Further, we have provided a behavioral model in section 2 for both designs 1 and 2, illustrating the essential characteristics needed for correct sequencer-free operation of BNs. Both models are benchmarked against state-of-the-art device/circuit models (SPICE) of the actual devices and can be used for the efficient simulation of large-scale autonomous networks.

2. Behavioral Model for Autonomous Hardware

In this section, we will develop an autonomous behavioral model that we will call parallel probabilistic spin logic (PPSL) for design 1 (Figure 1B) and revisit the behavioral model for design 2, which was proposed by Sutton et al. (2020). The term “Parallel” refers to all the p-bits fluctuating in parallel without any clocks or sequencers. These behavioral models are high-level representations of the p-circuit and p-bit behavior and connect Equations (1a) and (1b) to the hardware p-bit designs. Please note the parameters introduced in these models will represent certain parts of the p-bit and synapse behavior like MTJ resistances (r_MTJ) and transistor resistances (r_T) but are generally dimensionless apart from time variables (e.g., τ_T,τ_N). The advantage of these models is that they are computationally less expensive to use than full SPICE simulations while preserving the crucial device and system characteristics.

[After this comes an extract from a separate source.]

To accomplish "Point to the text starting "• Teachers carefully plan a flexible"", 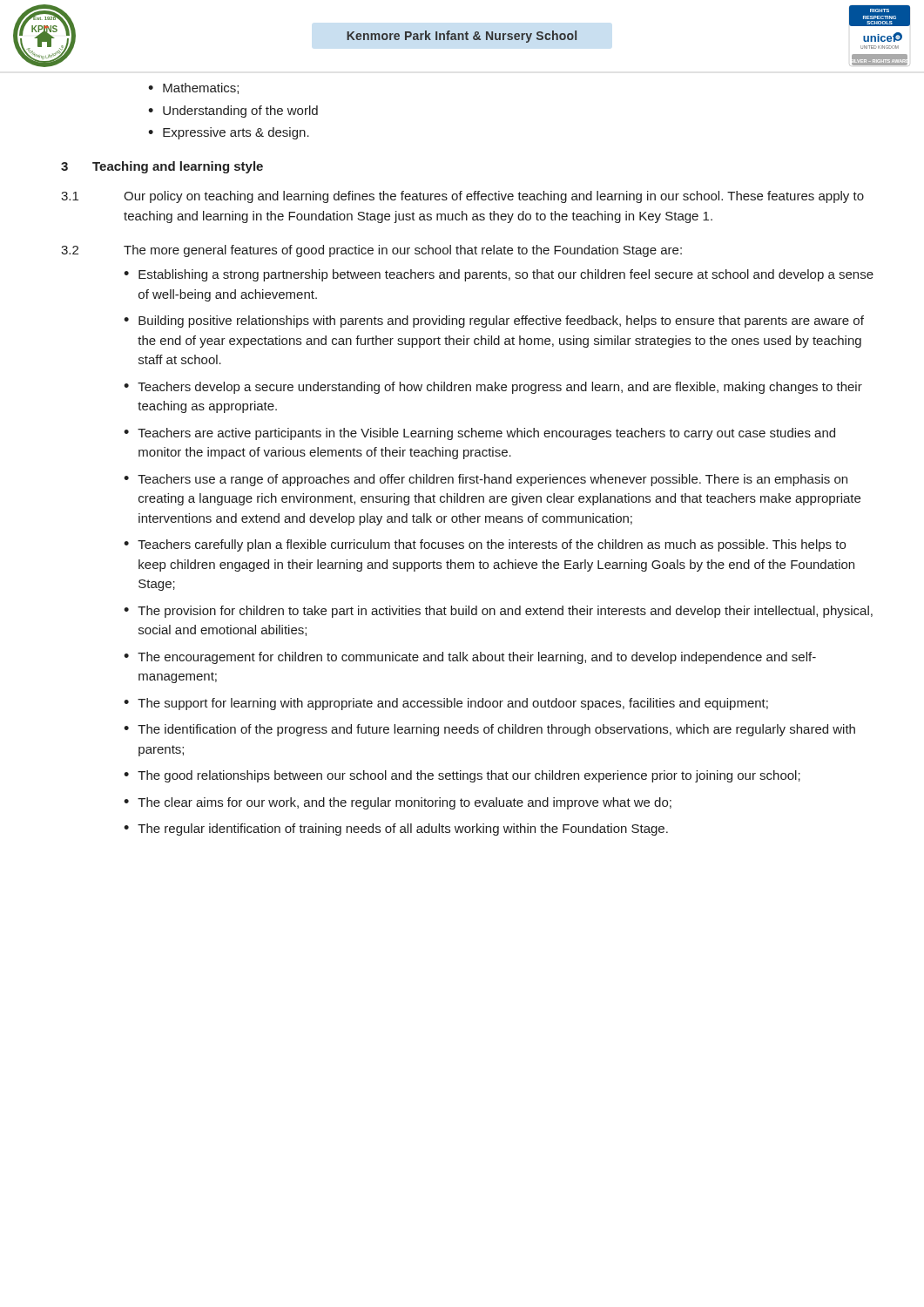I will (x=500, y=565).
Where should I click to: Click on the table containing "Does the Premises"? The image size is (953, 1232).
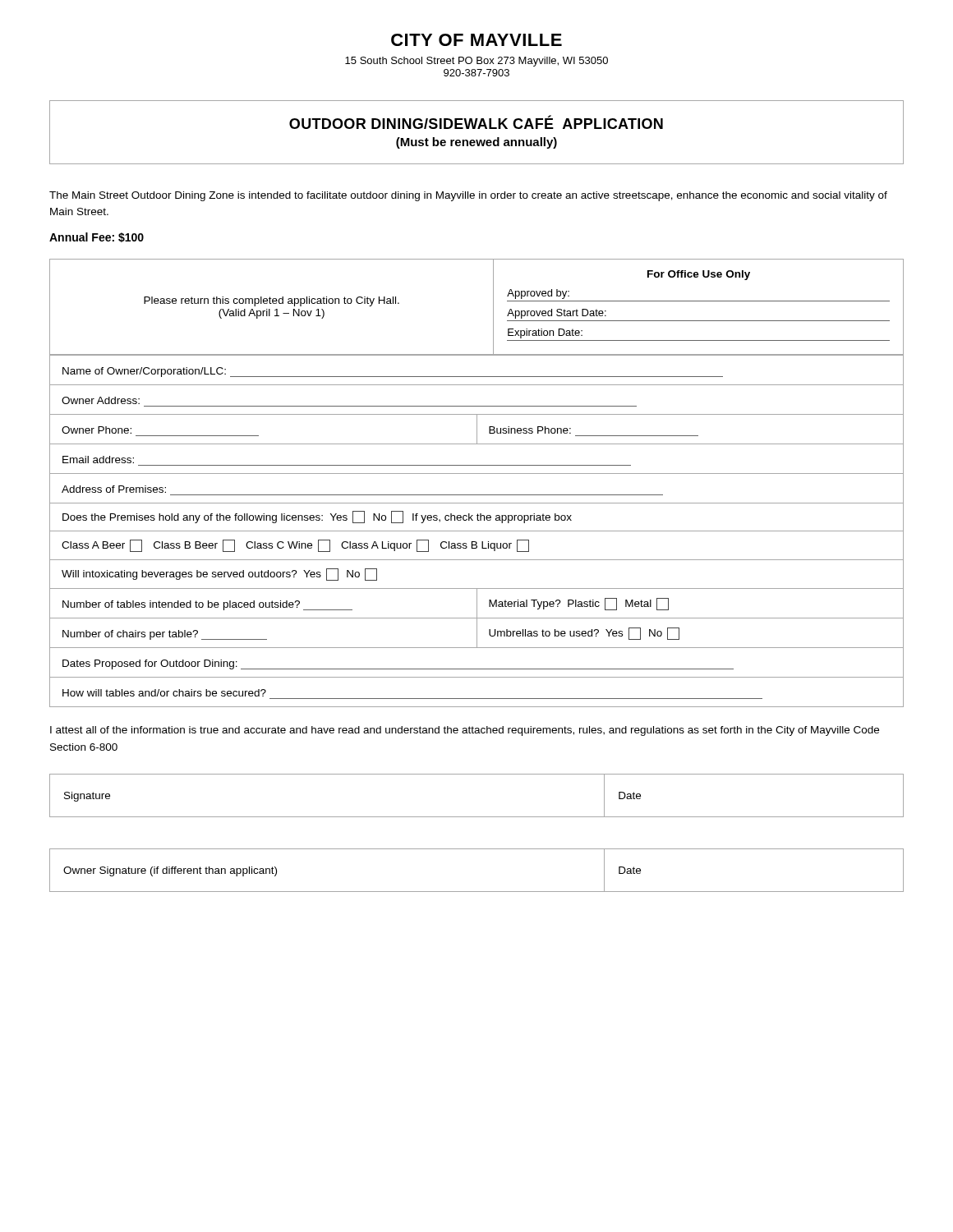click(x=476, y=531)
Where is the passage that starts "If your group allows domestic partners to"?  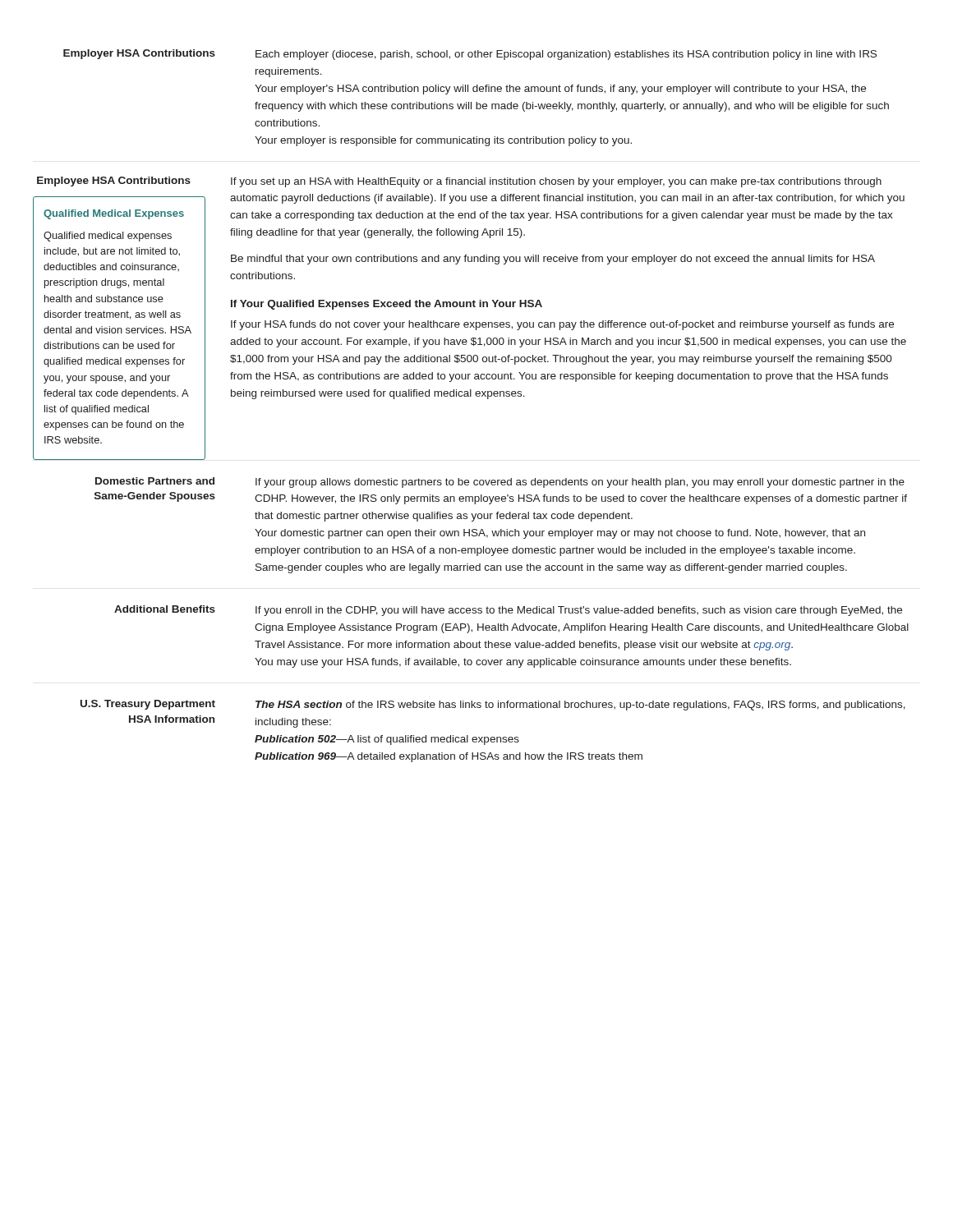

2.1. Autonomous Behavioral Model: Design 1

The autonomous circuit behavior of design 1 can be explained by slightly modifying the two equations (Equations 1a,b) stated in section 1. The fluctuating resistance of the low barrier nanomagnet-based MTJ is represented by a correlated random number r_MTJ with values between −1 and +1 and an average dwell time of the fluctuation denoted by τ_N. The NMOS transistor tunable resistance is denoted by r_T and the inverter is represented by a sgn function. Thus, the normalized output m_i = V_{OUT, i}/V_DD of the i_th p-bit can be expressed as:

$$\begin{array}{r}{m}_i(t+\Delta t)=\text{sgn}(r_{T,i}(t+\Delta t)-r_{MTJ,i}(t+\Delta t))\end{array}$$ (2)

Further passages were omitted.